Husserl’s late reflections on Greek philosophy are actually marked by a raised consciousness of its political implications. Especially in his later manuscripts, Husserl linked the birth of philosophy to the overall geopolitical transformations that characterized the Greek city states in the wake of the Classical era—transformations that fundamentally changed the traditional modes of reflection for the sake of a new type of communal reasoning, philosophy. Rather than signifying a merely individualistic conversion, philosophy was motivated by the insistence to mediate between the cultures of individual city states, their myths, practices, religious doctrines and so on. The attitude that created the basis for this investigation was called theoretical, because in its pre-philosophical sense, the Greek concept of theoria referred to a kind of anthropological field study or “travelogue” that aimed at providing information on the beliefs and practices of individual city states.Footnote 18 Philosophy, Husserl emphasized, was born out of this demythologization (Entmythisierung) of individual traditions, and it aimed at acknowledging the analogous features of different cultural and religious descriptions.Footnote 19 By fostering the idea of a world divested of the primacy of a particular city state and its culture, philosophy set out to discover a field of objectivities that would not be tied to any particular lifeworld, but would transcend these and constitute a field of investigation common to all rational beings.

From Plato onwards, these universal truths were called by the name eidos or idea.
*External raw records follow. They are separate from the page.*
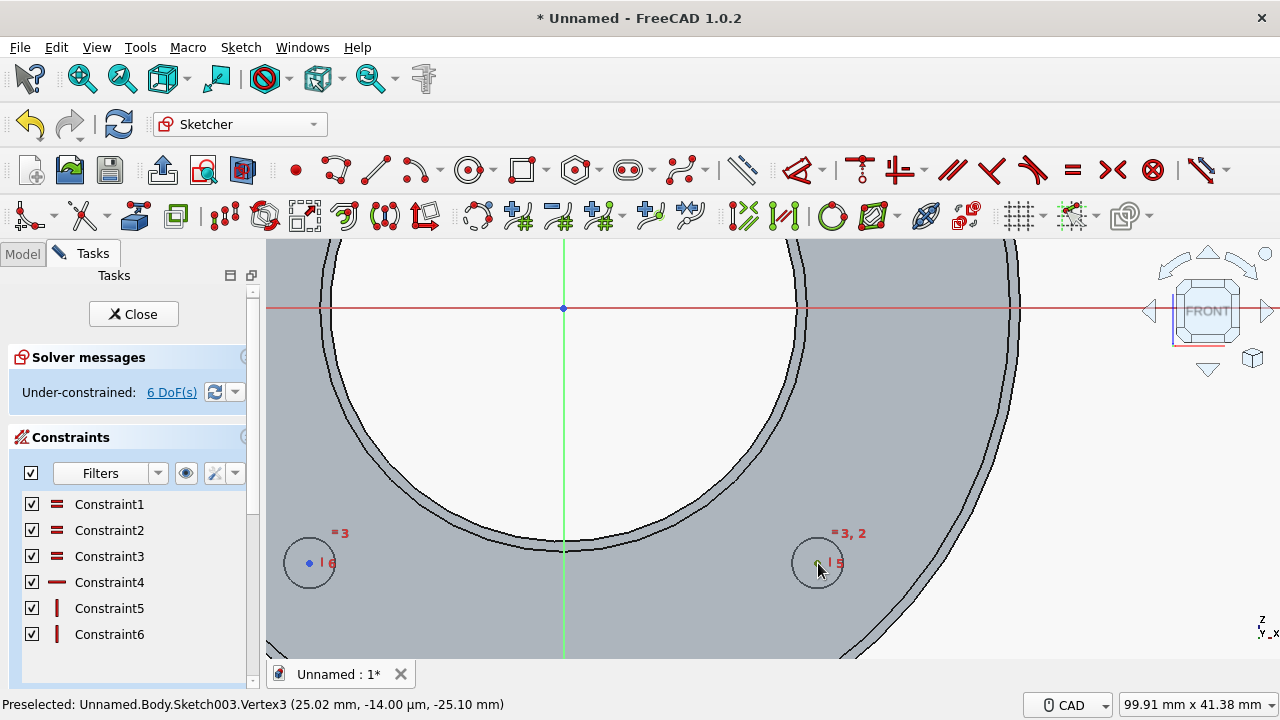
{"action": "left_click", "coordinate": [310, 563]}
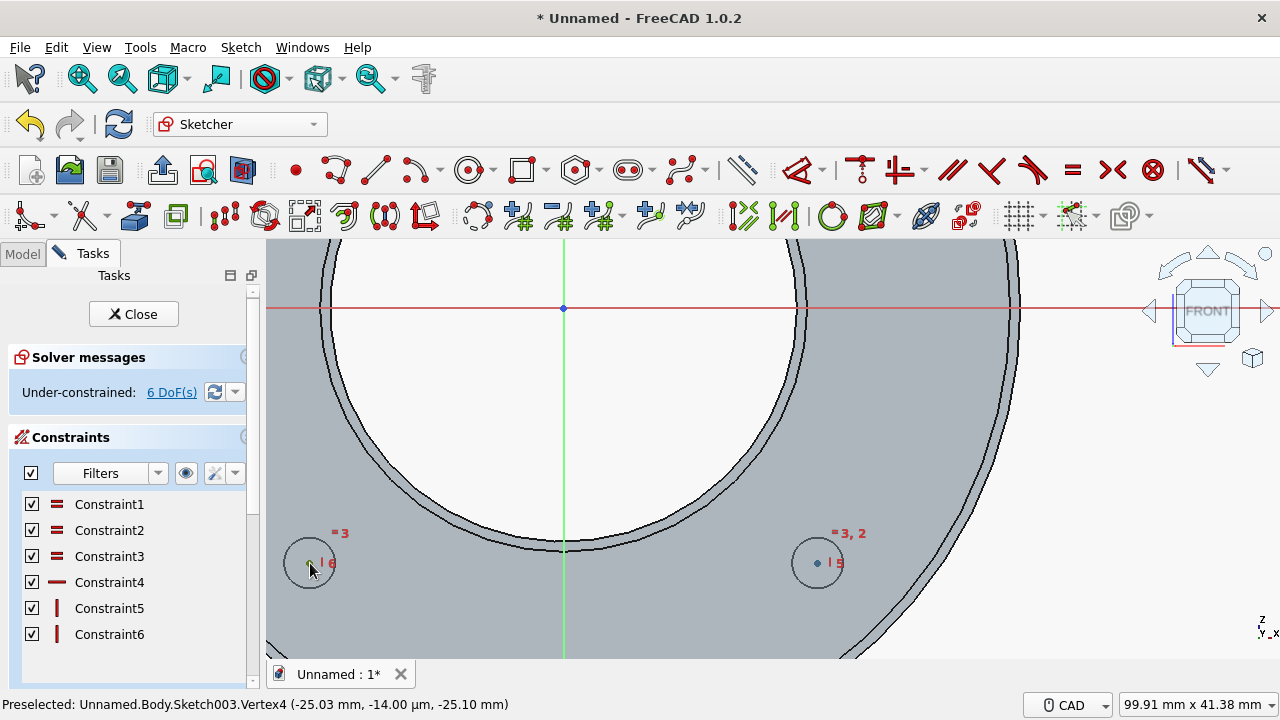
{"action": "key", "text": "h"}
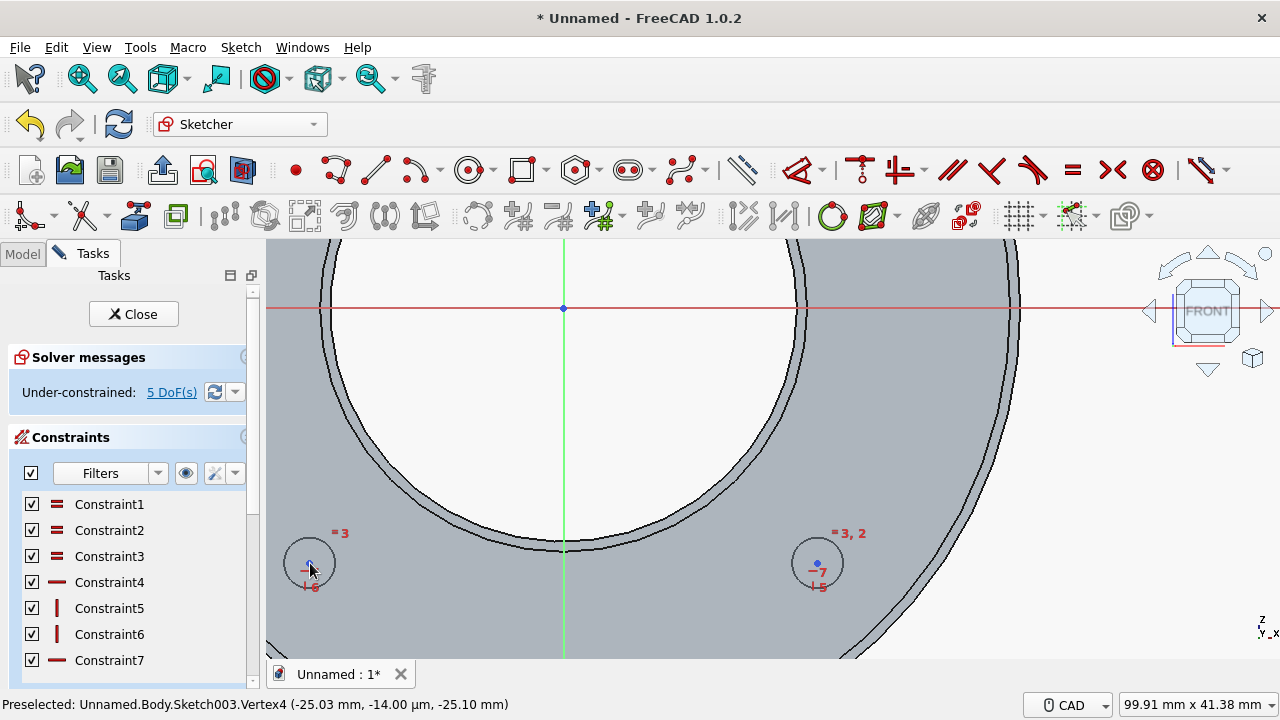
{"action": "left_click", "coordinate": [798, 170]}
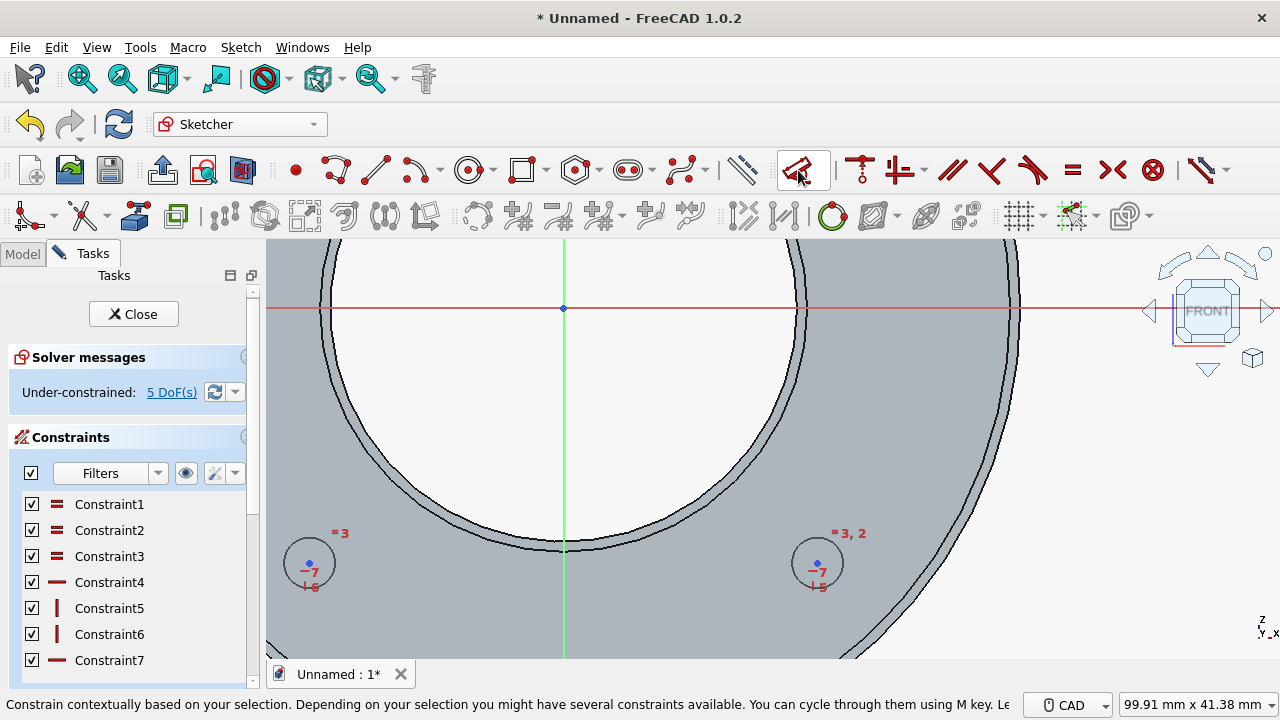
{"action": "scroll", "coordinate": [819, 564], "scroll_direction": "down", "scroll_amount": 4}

Referring originally to the lasting aspects or elements in perception, the concept of idea was now made the focal point of philosophical investigation, which pointed to the basic essence or form of each particular thing. Following the influential interpretation of Hermann Lotze’s Logic (1874), Husserl opposed the schoolbook interpretation of Plato’s theory of ideas as a delineation of a separate region in the physical universe, the kind of “place beyond heaven” that Plato, with the aid of metaphor, described in Phaedrus.Footnote 20 Instead, Husserl wanted to liberate Platonic idealism from the metaphysical presuppositions of classical interpretations from Aristotle onwards, presuppositions that presented Plato as a theorist of supra-worldly reality.Footnote 21 Instead, as Husserl argued in his lecture series of 1919/20, Plato’s theory of eidos was to be considered the first “discovery of the [domain of] a priori,”Footnote 22 that is, a discovery of those conditions of experience that are common to all rational beings. Instead of unchanging forms, the domain of ideas was to be conceived in regard to the question of evidence (or what Lotze had called Geltung, validity), that is, as a question of those norms on the basis of which we take something as true, valid and meaningful in the first place. As Husserl put it:

Platonic idealism, through the fully conscious discovery of the “idea” and of approximation, opened up the path of logical thinking, “logical” science, rational science. Ideas were taken as archetypes, in which everything singular participates more or less “ideally,” which everything approaches, which everything realizes more or less fully; the ideal truths belonging to the ideas were taken as the absolute norms for all empirical truths.Footnote 23

Thus, geometrical ideas like the idea of a triangle, for instance, do not reside in a different reality in contrast to empirical triangles; rather, they stipulate those features or conditions that we necessarily presuppose when we think about triangles or speak about them. For this reason it is understandable that Plato refused to locate idealities in the sphere of perception (aisthesis)—they are invisible (aides)—and argued that they could only be reached through cognition (dianoia).Footnote 24 As empirical forms, particular triangles are of course different in size and shape, but what makes them fall under the category of triangle is their ideal form, that is, they are all closed figures consisting of three line segments with the sum of the interior angles being 180°.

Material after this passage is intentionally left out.